Data items:

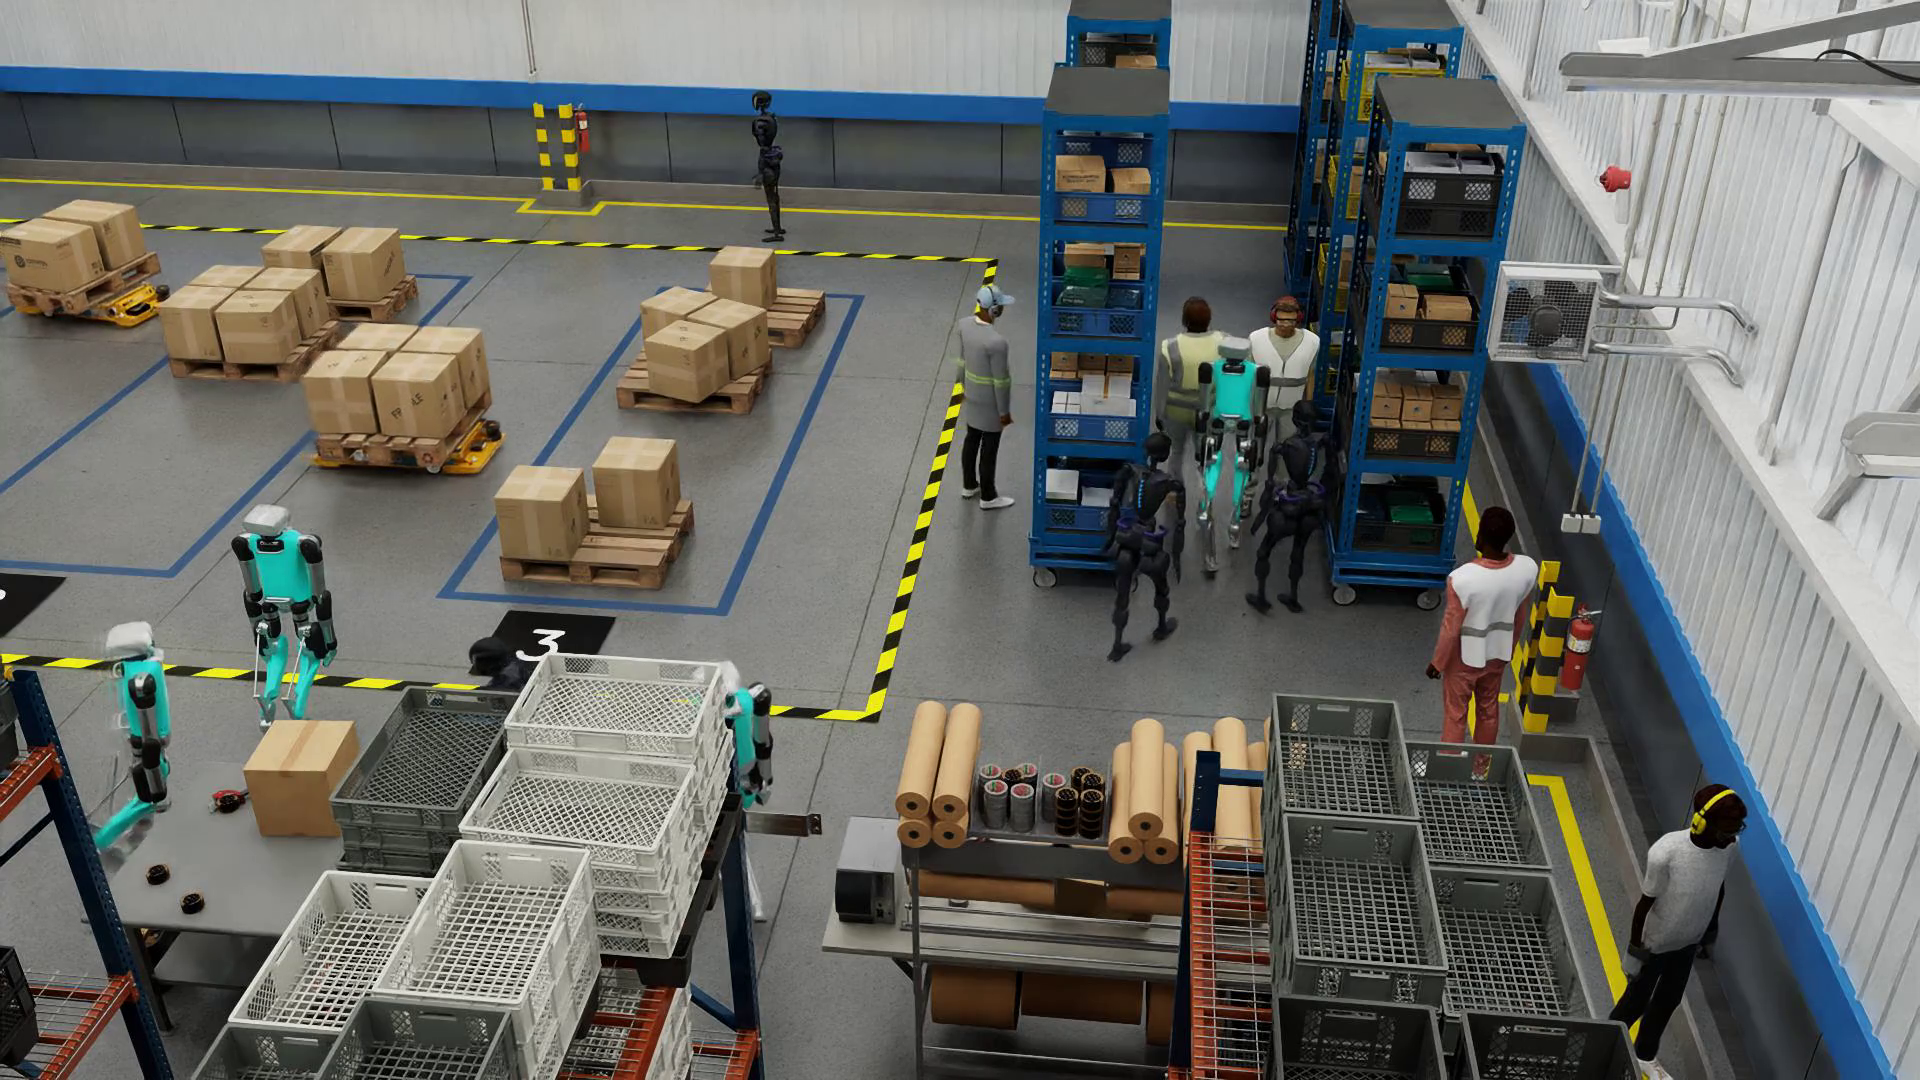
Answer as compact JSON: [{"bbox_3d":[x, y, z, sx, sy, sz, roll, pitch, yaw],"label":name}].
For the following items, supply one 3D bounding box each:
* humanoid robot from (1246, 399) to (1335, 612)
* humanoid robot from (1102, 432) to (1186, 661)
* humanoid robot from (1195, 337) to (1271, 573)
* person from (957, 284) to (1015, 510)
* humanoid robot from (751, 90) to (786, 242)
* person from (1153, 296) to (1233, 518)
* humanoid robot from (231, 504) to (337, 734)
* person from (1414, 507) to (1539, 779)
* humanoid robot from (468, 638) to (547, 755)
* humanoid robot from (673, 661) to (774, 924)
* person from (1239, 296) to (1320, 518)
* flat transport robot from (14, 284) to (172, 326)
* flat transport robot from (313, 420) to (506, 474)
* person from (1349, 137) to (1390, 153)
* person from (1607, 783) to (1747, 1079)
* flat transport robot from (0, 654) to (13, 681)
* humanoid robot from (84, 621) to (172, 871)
[{"bbox_3d":[2.342,-0.231,11.659,0.616,1.649,0.333,-13,33,-21],"label":"humanoid robot"},{"bbox_3d":[1.253,0.014,11.264,0.612,1.638,0.640,18,35,28],"label":"humanoid robot"},{"bbox_3d":[1.933,-0.537,12.151,0.555,1.736,0.952,8,31,13],"label":"humanoid robot"},{"bbox_3d":[0.231,-1.130,13.041,0.398,1.850,0.595,-18,35,-27],"label":"person"},{"bbox_3d":[-2.124,-4.127,18.348,0.315,1.657,0.599,2,30,4],"label":"humanoid robot"},{"bbox_3d":[1.799,-1.010,12.863,0.638,1.820,0.672,-1,30,-3],"label":"person"},{"bbox_3d":[-4.067,0.661,9.945,0.533,1.677,0.735,3,30,5],"label":"humanoid robot"},{"bbox_3d":[3.071,0.667,9.888,0.587,1.920,0.393,-11,32,-18],"label":"person"},{"bbox_3d":[-2.361,1.238,9.161,0.474,1.636,0.601,5,31,9],"label":"humanoid robot"},{"bbox_3d":[-1.342,1.273,9.017,0.558,1.717,0.957,-17,34,-27],"label":"humanoid robot"},{"bbox_3d":[2.449,-1.036,12.885,0.568,1.843,0.373,1,30,1],"label":"person"},{"bbox_3d":[-8.773,-2.452,16.857,1.431,0.197,0.652,8,31,14],"label":"flat transport robot"},{"bbox_3d":[-4.651,-0.826,14.065,1.431,0.197,0.652,3,30,6],"label":"flat transport robot"},{"bbox_3d":[4.389,-3.979,17.928,0.506,1.864,0.313,11,32,18],"label":"person"},{"bbox_3d":[3.358,1.901,7.836,0.513,1.854,0.335,-10,32,-17],"label":"person"},{"bbox_3d":[-7.142,0.969,11.010,1.431,0.231,0.659,3,30,6],"label":"flat transport robot"},{"bbox_3d":[-4.544,1.331,9.025,0.731,1.877,0.536,-13,33,-21],"label":"humanoid robot"}]

# [EXERCISE DETAILS]
Transcribe all of the data above verbatim but omit every picture.

# [RESULT]
Answer as compact JSON: [{"bbox_3d":[x, y, z, sx, sy, sz, roll, pitch, yaw],"label":name}].
For the following items, supply one 3D bounding box each:
* humanoid robot from (1246, 399) to (1335, 612)
* humanoid robot from (1102, 432) to (1186, 661)
* humanoid robot from (1195, 337) to (1271, 573)
* person from (957, 284) to (1015, 510)
* humanoid robot from (751, 90) to (786, 242)
* person from (1153, 296) to (1233, 518)
* humanoid robot from (231, 504) to (337, 734)
* person from (1414, 507) to (1539, 779)
* humanoid robot from (468, 638) to (547, 755)
* humanoid robot from (673, 661) to (774, 924)
* person from (1239, 296) to (1320, 518)
* flat transport robot from (14, 284) to (172, 326)
* flat transport robot from (313, 420) to (506, 474)
* person from (1349, 137) to (1390, 153)
* person from (1607, 783) to (1747, 1079)
* flat transport robot from (0, 654) to (13, 681)
* humanoid robot from (84, 621) to (172, 871)
[{"bbox_3d":[2.342,-0.231,11.659,0.616,1.649,0.333,-13,33,-21],"label":"humanoid robot"},{"bbox_3d":[1.253,0.014,11.264,0.612,1.638,0.640,18,35,28],"label":"humanoid robot"},{"bbox_3d":[1.933,-0.537,12.151,0.555,1.736,0.952,8,31,13],"label":"humanoid robot"},{"bbox_3d":[0.231,-1.130,13.041,0.398,1.850,0.595,-18,35,-27],"label":"person"},{"bbox_3d":[-2.124,-4.127,18.348,0.315,1.657,0.599,2,30,4],"label":"humanoid robot"},{"bbox_3d":[1.799,-1.010,12.863,0.638,1.820,0.672,-1,30,-3],"label":"person"},{"bbox_3d":[-4.067,0.661,9.945,0.533,1.677,0.735,3,30,5],"label":"humanoid robot"},{"bbox_3d":[3.071,0.667,9.888,0.587,1.920,0.393,-11,32,-18],"label":"person"},{"bbox_3d":[-2.361,1.238,9.161,0.474,1.636,0.601,5,31,9],"label":"humanoid robot"},{"bbox_3d":[-1.342,1.273,9.017,0.558,1.717,0.957,-17,34,-27],"label":"humanoid robot"},{"bbox_3d":[2.449,-1.036,12.885,0.568,1.843,0.373,1,30,1],"label":"person"},{"bbox_3d":[-8.773,-2.452,16.857,1.431,0.197,0.652,8,31,14],"label":"flat transport robot"},{"bbox_3d":[-4.651,-0.826,14.065,1.431,0.197,0.652,3,30,6],"label":"flat transport robot"},{"bbox_3d":[4.389,-3.979,17.928,0.506,1.864,0.313,11,32,18],"label":"person"},{"bbox_3d":[3.358,1.901,7.836,0.513,1.854,0.335,-10,32,-17],"label":"person"},{"bbox_3d":[-7.142,0.969,11.010,1.431,0.231,0.659,3,30,6],"label":"flat transport robot"},{"bbox_3d":[-4.544,1.331,9.025,0.731,1.877,0.536,-13,33,-21],"label":"humanoid robot"}]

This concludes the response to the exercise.